Denton et moi passions à travers le bois au pied de la rangée de collines… et là, devant nous, c’était le col.
Je tirai involontairement les rênes pour arrêter ma monture.
— La ville ! fis-je. Où est-elle ?
— Toujours près de la rivière, j’imagine.
— Alors elle a dû être détruite…
Il ne pouvait y avoir d’autre explication. Si la ville n’avait pas bougé durant ces trente jours, seule une nouvelle attaque avait pu la retarder. Dès à présent, elle aurait dû occuper sa nouvelle position dans le col.
Denton m’observait avec une expression amusée.
— Est-ce la première fois que vous allez aussi loin au nord de l’optimum ? me demanda-t-il.
— C’est exact.
— Mais vous avez voyagé dans le passé. Qu’est-il arrivé quand vous êtes revenu à la ville ?
— Une attaque était en cours…
— Oui… mais combien de temps s’était écoulé ?
— Plus de cent dix kilomètres.
— Était-ce davantage que vous n’aviez pensé ?
— Oui. Je pensais n’être resté absent que quelques jours… soit trois ou quatre kilomètres dans le temps.

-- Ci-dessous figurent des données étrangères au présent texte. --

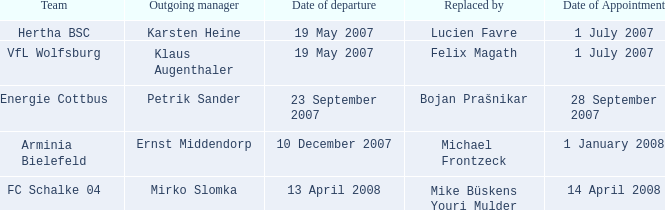When is the appointment date for outgoing manager Petrik Sander? 28 September 2007. 
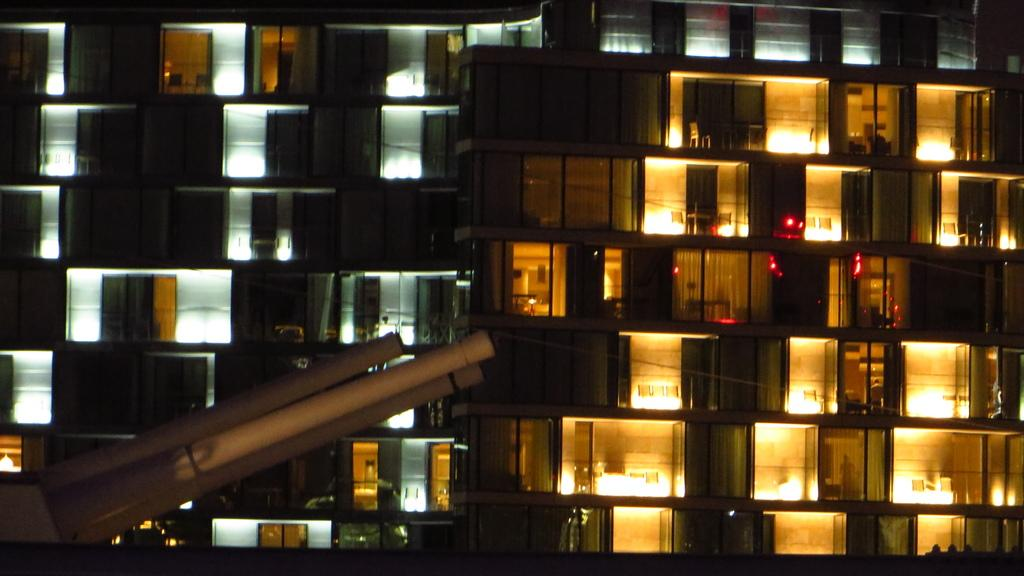What is the main object in front of the image? There is an object in front of the image, but its specific details are not mentioned in the facts. What type of building is visible behind the object? There is a building with glass walls behind the object. What can be seen through the glass walls of the building? Objects are visible through the glass walls of the building. What can be observed inside the building through the glass walls? Lights are visible inside the rooms through the glass walls. Where is the library located in the image? There is no mention of a library in the image or the provided facts. What type of brick is used to construct the building in the image? The building in the image has glass walls, so there is no mention of brick in the provided facts.

— Bon. (Denton se remit en route et je le suivis.) Le contraire se produit si vous allez au nord de l’optimum.
— Que voulez-vous dire ?
— Personne ne vous a jamais parlé des valeurs subjectives du temps ? (Mon expression d’ahurissement lui répondit.) Si vous allez n’importe où au sud de l’optimum, le temps subjectif se ralentit. Plus vous allez au sud, plus c’est sensible. Dans la ville l’échelle temporelle est plus ou moins normale tant qu’elle est proche de l’optimum, si bien qu’à votre retour du passé, il vous semble que la ville a beaucoup plus avancé qu’il n’est possible.
— Mais nous étions au nord ?
— Oui, et c’est l’effet opposé. Pendant que nous chevauchons au nord, notre échelle de temps subjective s’accélère, si bien que la cité ne paraît pas avoir bougé du tout. D’après mon expérience je pense que vous vous apercevrez qu’il ne s’est écoulé que quatre jours environ dans la ville pendant notre absence. C’est difficile à calculer pour le moment, car la cité elle-même est plus au sud de l’optimum que l’ordinaire.
Je restai quelques instants silencieux, m’efforçant de digérer cette idée. Puis je demandai :
— Donc, si la ville elle-même pouvait passer au nord de l’optimum, elle n’aurait plus autant de kilomètres à parcourir ? Elle pourrait s’immobiliser ?
— Non. Il faut qu’elle se déplace toujours.
— Mais si le lieu où nous étions ralentit le temps, la ville trouverait avantage à y séjourner.
— Non, fit-il encore. L’élément différentiel dans le temps subjectif est relatif.
— Je ne comprends pas, dis-je avec franchise.
Nous remontions à présent la vallée en direction du col. Dans quelques minutes nous verrions la ville, si elle était vraiment où Denton l’avait affirmé.